Clinically diagnosed neonatal sepsis ranged from 49 per 1000 live births in babies older than 24 hours of life in rural Guatemala,47 to as high as 170 per 1000 live births detected by village health workers in rural India.51,56 A first-level facility in Kenya estimated a minimal rate of blood culture confirmed sepsis of 5.5 per 1000 live births among neonates presenting to this facility.57 In the absence of active household surveillance, however, the true incidence is expected to be significantly higher.
The studies reviewed and data presented are limited by substantial inter- and intracountry variation, methodological heterogeneity in population selection and completeness of follow-up, as well as possible misclassifications and/or biases in cause of death ascertainment. The main reason for such inaccuracies includes lack of vital registration or surveillance systems in developing countries, where the majority of babies are born, and succumb to infections, within their homes–seldom, if ever, coming to medical attention.2,59 Other reasons compounding uncertainty include lack of standardization as well as inherent limitations of verbal autopsy tools, comorbid, and often multiple causes of neonatal death.40,42,46,59–62 Sparse data from regions of the world, such as Sub-Saharan Africa, where the highest burden of childhood illness lies, also limits the generalizability of these data.61
Accurate information on causes of death is crucial to designing intervention programs and monitoring progress and sustainability of interventions as well as providing data for intracountry and regional comparisons.1,62
Despite the glaring limitations in the quality and quantity of data discussed above, studies consistently implicate infections as a major cause of neonatal morbidity and mortality in the developing world. Evidence-based strategies for prevention and management of newborn infections in low-income countries are thus urgently needed.
Current WHO recommendations for treating serious bacterial infections in infants under 2 months of age include hospitalization and 10 days of parenteral therapy.63–66 However, these recommendations are inadequately followed in developing countries with high burden of neonatal deaths–due to logistic and resource constraints–and socio-cultural factors such as confinement after birth, unwillingness of families to seek care outside the home, and frequent rejection or refusal of allopathic or facility-based care.35,47,51,67–69 Moreover, because of delays in care seeking, inadequate or poor quality care, unhygienic handling and feeding, contaminated hospital equipment, and multiresistant hospital-acquired pathogens, case fatality rates for sepsis among hospitalized babies treated with recommended therapy are as high as 30% to 50%.4,6,70 These findings suggest that alternate approaches for prevention, early detection, and management of neonatal infections, such as those implemented within the community or home, may have a greater impact in reducing neonatal mortality in the near-term.
There is continued need for development and validation of simplified diagnostic algorithms, in addition to development of evidence-based treatment guidelines, to enable minimally trained health care workers to effectively manage neonatal sepsis during home-visits, or at first level facilities.77 In addition to research addressing numerous health system challenges and constraints for implementation and sustainability, an exploration of etiological agents, drug resistance patterns, and antibiotic regimens is required before community-based case management strategies utilizing antibiotics can be employed on national scales in developing countries with high burden of neonatal mortality.

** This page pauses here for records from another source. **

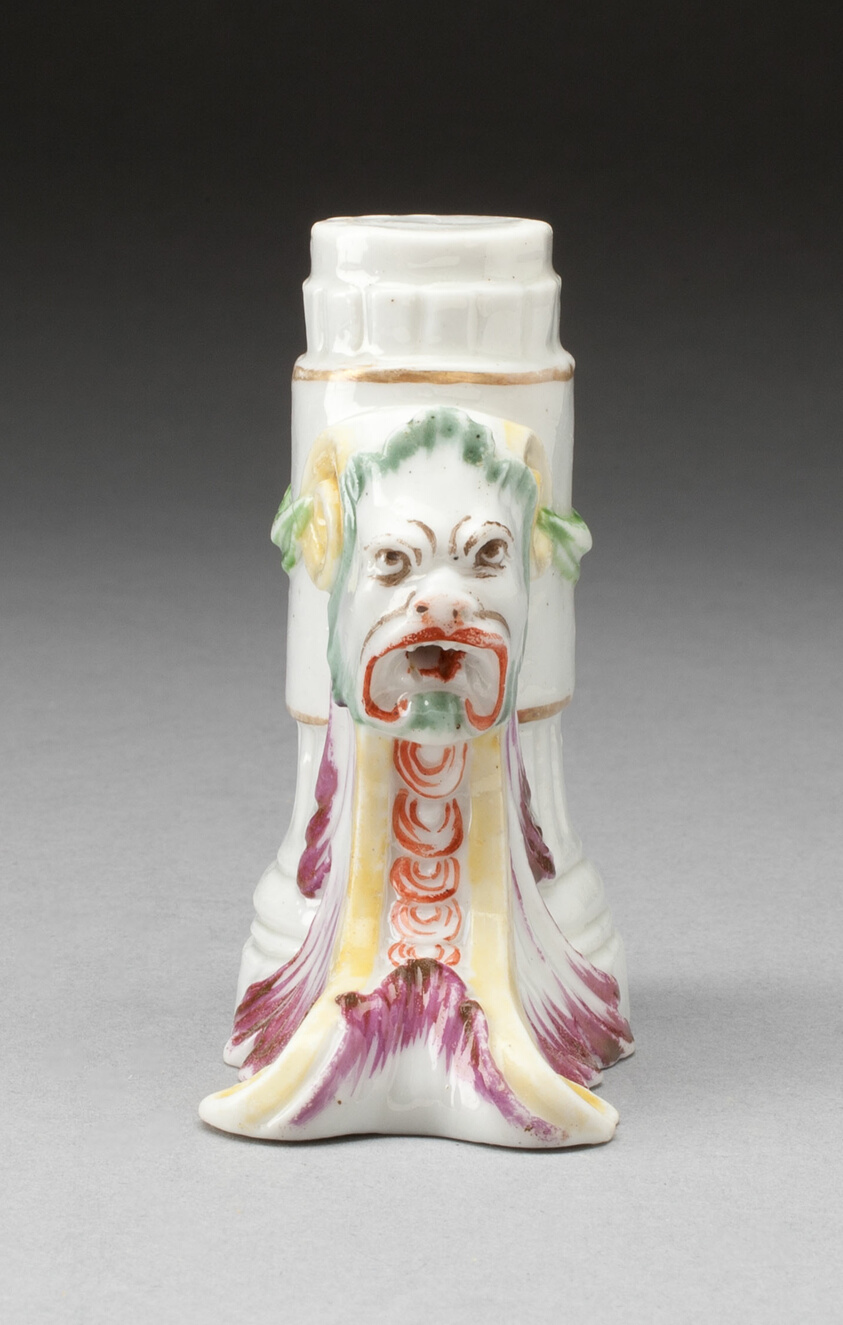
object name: Ceramics
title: Pedestal
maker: Italy, Venice
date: c. 1770
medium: Porcelain with polychrome enamels and gilding
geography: Venice
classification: porcelain; ceramics; european decorative arts

These issues are discussed further in related articles in this supplement, which aims to (1) describe the pathogens causing serious bacterial infections among neonatal and young infants in developing country community settings; (2) antimicrobial resistance patterns of major etiological agents causing these infections; (3) treatment options for management of these infections in community settings, including a pharmacological appraisal of potential antimicrobials; and (4) identify research gaps and future directions.